## Your goal
Check each line of the listing below for the string "pixels", and copy the ones that have it.

## Supplied data
• • •
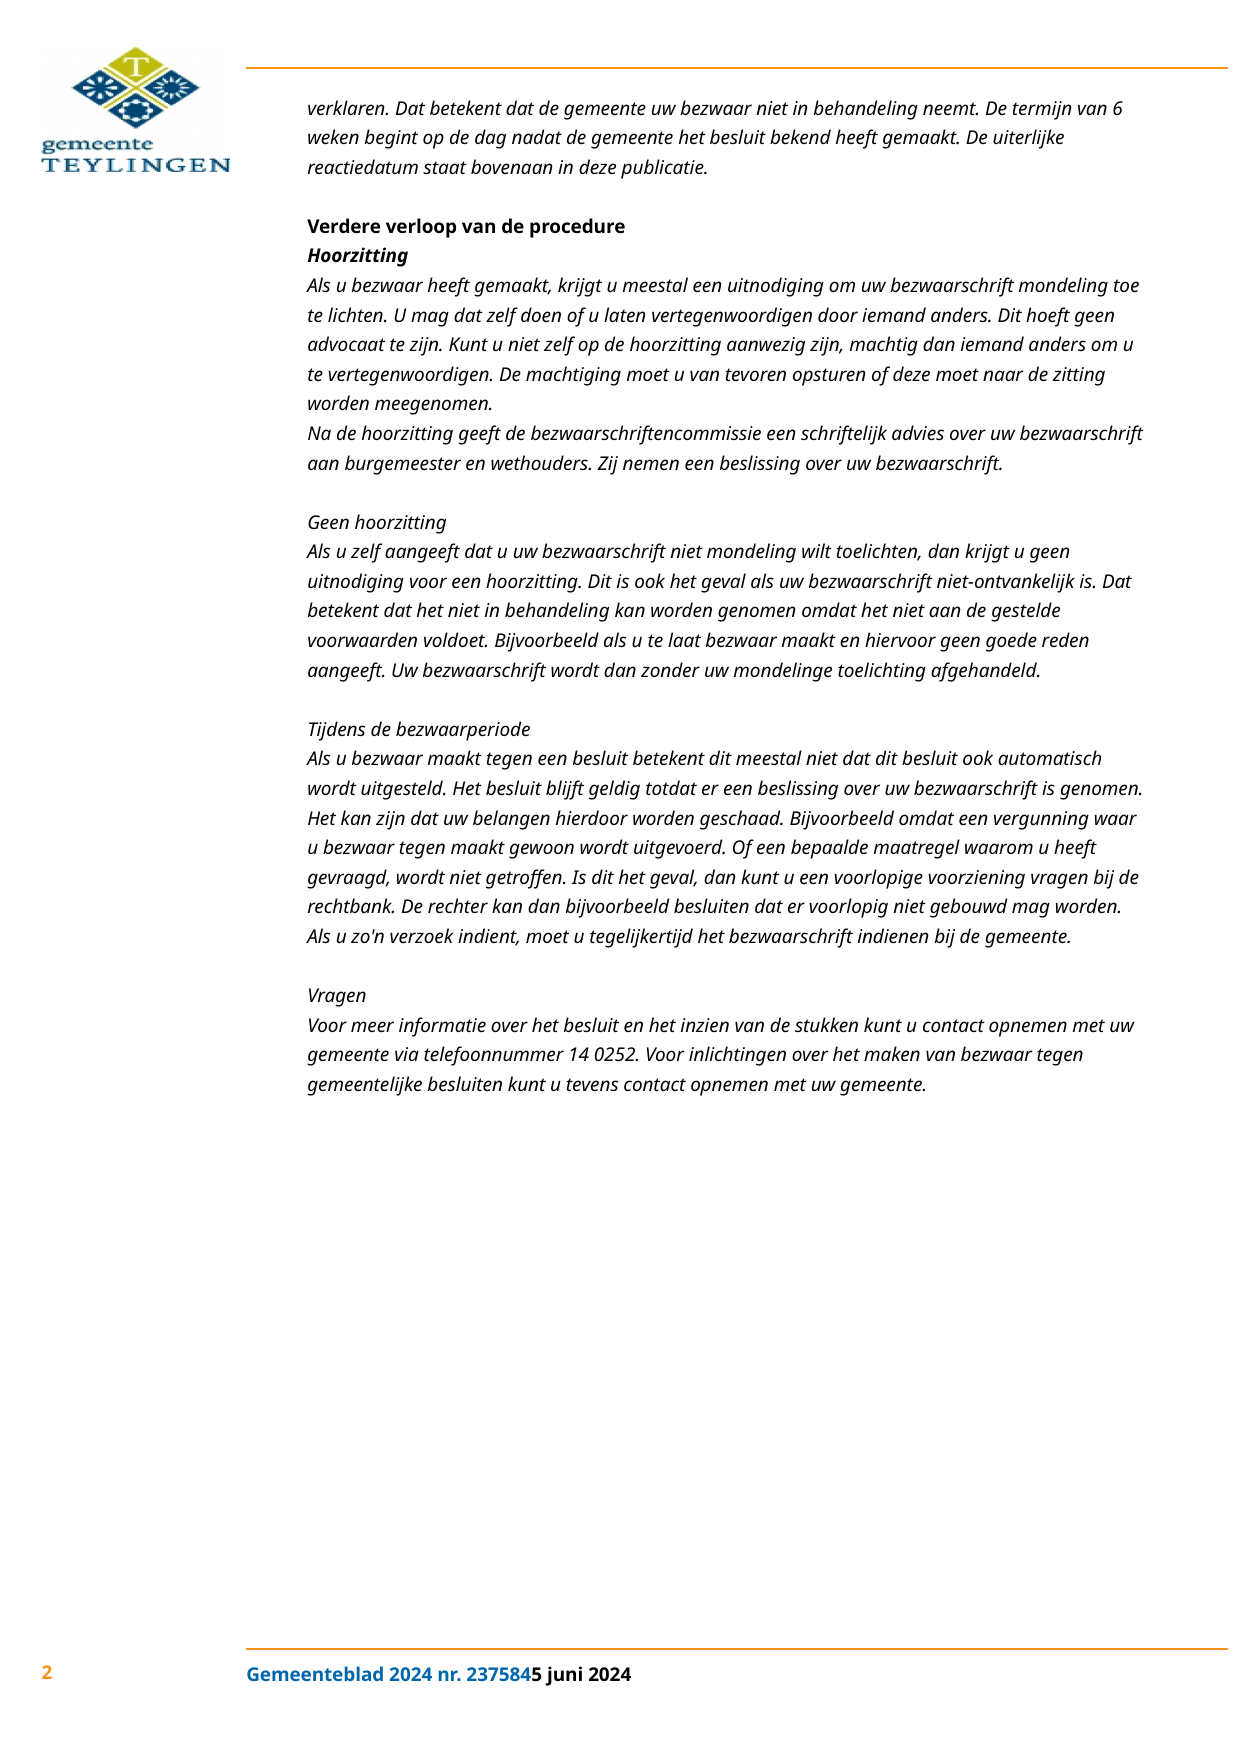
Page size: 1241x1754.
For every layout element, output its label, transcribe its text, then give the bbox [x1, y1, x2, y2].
• • •
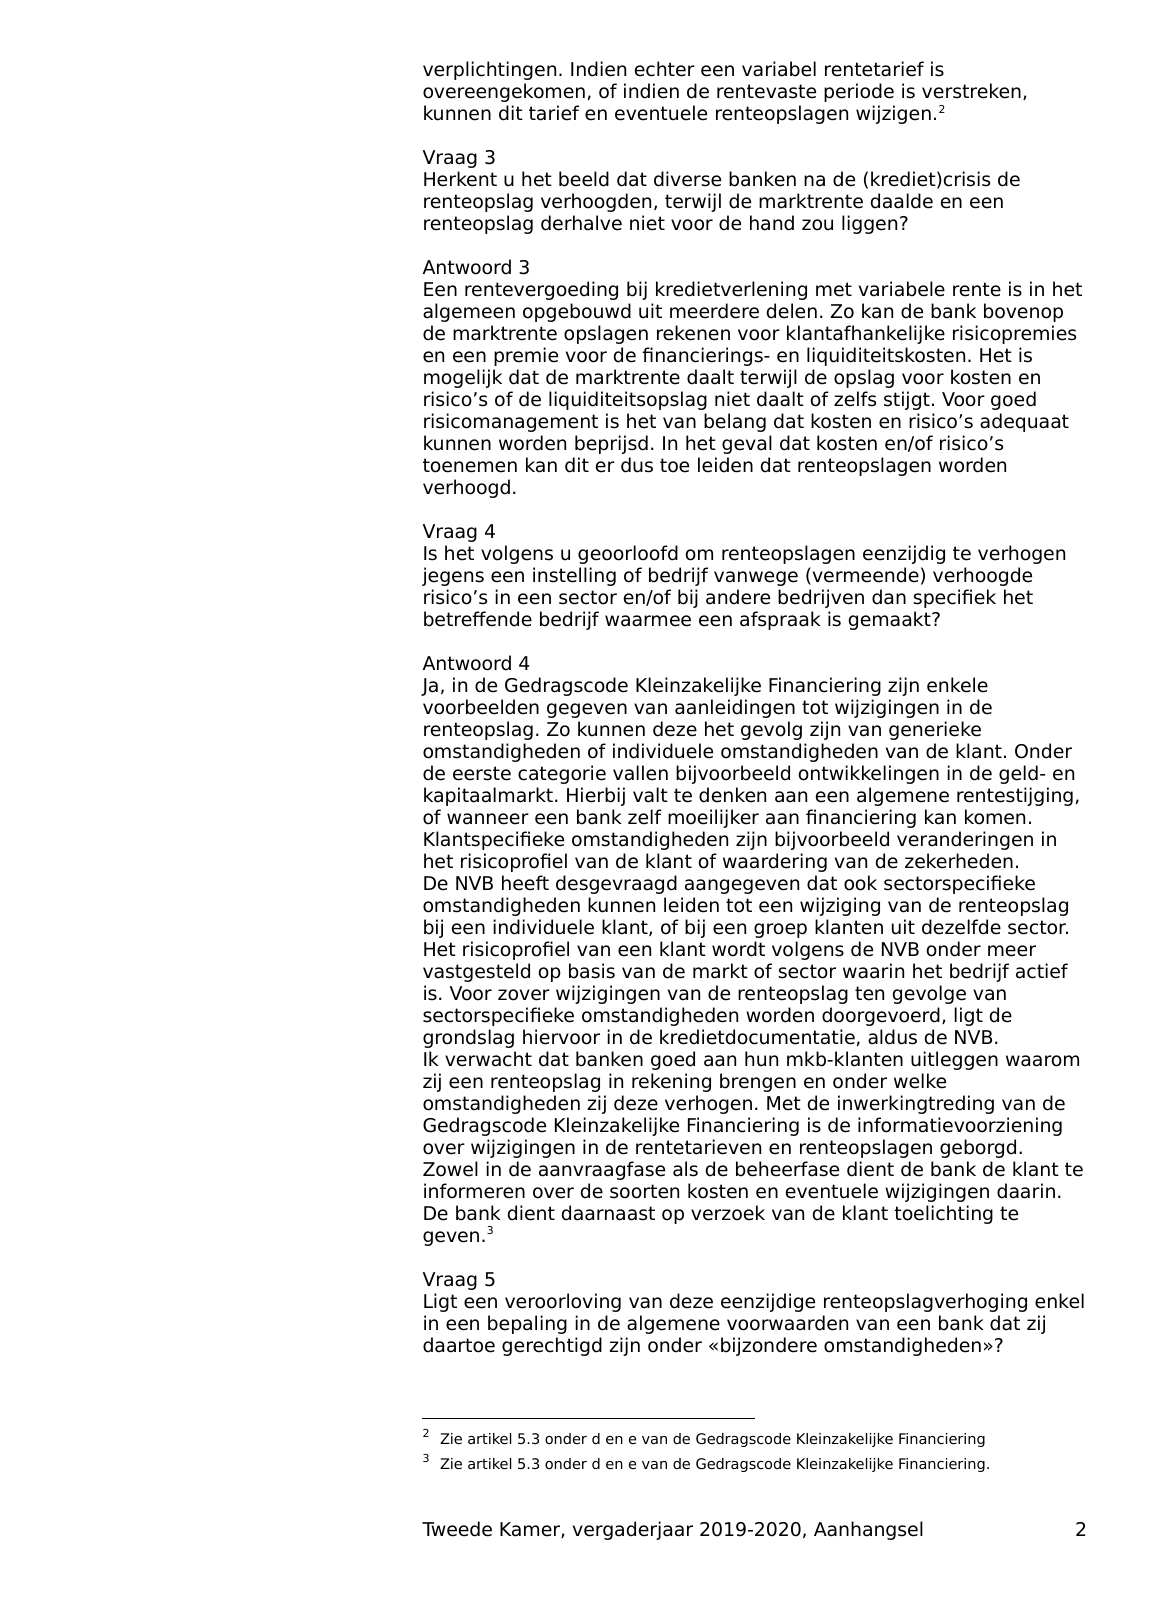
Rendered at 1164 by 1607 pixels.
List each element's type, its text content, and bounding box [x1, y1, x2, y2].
• • •
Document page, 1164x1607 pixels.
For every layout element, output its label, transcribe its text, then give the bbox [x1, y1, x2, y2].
• • •
## Solved exercise
Rendered at 1164 by 1607 pixels.
Document page, 1164x1607 pixels.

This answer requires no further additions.